JPMorgan has downgraded its earnings estimates for Circle and Coinbase, warning that the rapid ascent of decentralised exchange Hyperliquid is eating into the market share of traditional crypto platforms. The Wall Street bank's analysts cited Hyperliquid's low-fee derivatives trading as a key threat, eroding the dominance of Coinbase's spot exchange and Circle's USDC stablecoin ecosystem.
The news sent ripples through London-listed crypto-linked stocks on Friday, with Coinbase shares trading on US exchanges falling 3.2% by midday. In the UK, the FTSE 100 slipped 0.1% to 8,215.6 points, while the FTSE 250 edged down 0.3% to 20,432.1 points, as investor caution over tech valuations persisted. Bitcoin hovered near £46,200, down 1.5% on the day, reflecting broader unease.
Analysts at JPMorgan noted that Hyperliquid's on-chain derivatives platform now handles roughly 15% of global crypto perpetual futures volume, up from negligible levels a year ago. 'The structural shift toward decentralised venues poses a direct challenge to incumbent business models,' they wrote in a note to clients. For UK pension funds and retail investors with indirect exposure via funds tracking Coinbase or stablecoin issuers, the downgrades signal a potential drag on returns.
The pressure on Circle is particularly acute, as Hyperliquid's native stablecoin, USDe, has gained traction, threatening the dominance of USDC in DeFi lending.
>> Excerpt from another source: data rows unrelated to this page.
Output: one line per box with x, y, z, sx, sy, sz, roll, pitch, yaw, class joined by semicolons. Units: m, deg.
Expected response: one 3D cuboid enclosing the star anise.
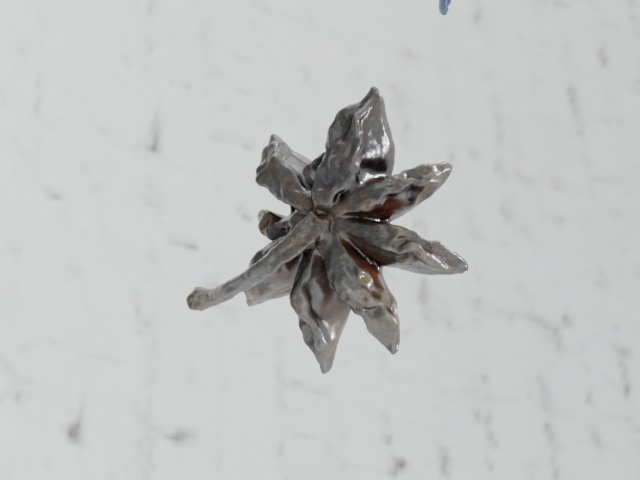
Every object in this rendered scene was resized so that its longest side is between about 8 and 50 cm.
-0.001;0.000;1.438;0.231;0.089;0.209;-48;-121;8;star anise

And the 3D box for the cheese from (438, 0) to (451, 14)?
0.112;-0.296;1.601;0.286;0.074;0.189;77;27;-68;cheese

JPMorgan trimmed its 2026 revenue forecast for Circle by 8%, while Coinbase's estimate was cut by 5%. The bank maintained a 'neutral' rating on both, but warned that further market share losses could prompt additional downgrades.
Market watchers said the development underscores the intensifying competition in crypto infrastructure. 'Hyperliquid's growth is a reminder that decentralisation is not just a buzzword – it's reshaping where liquidity flows,' said a senior analyst at a London-based fintech consultancy. For UK investors, the implications extend beyond crypto: the shake-up highlights how swiftly new entrants can disrupt established fee structures, a dynamic that could spill into other financial sectors.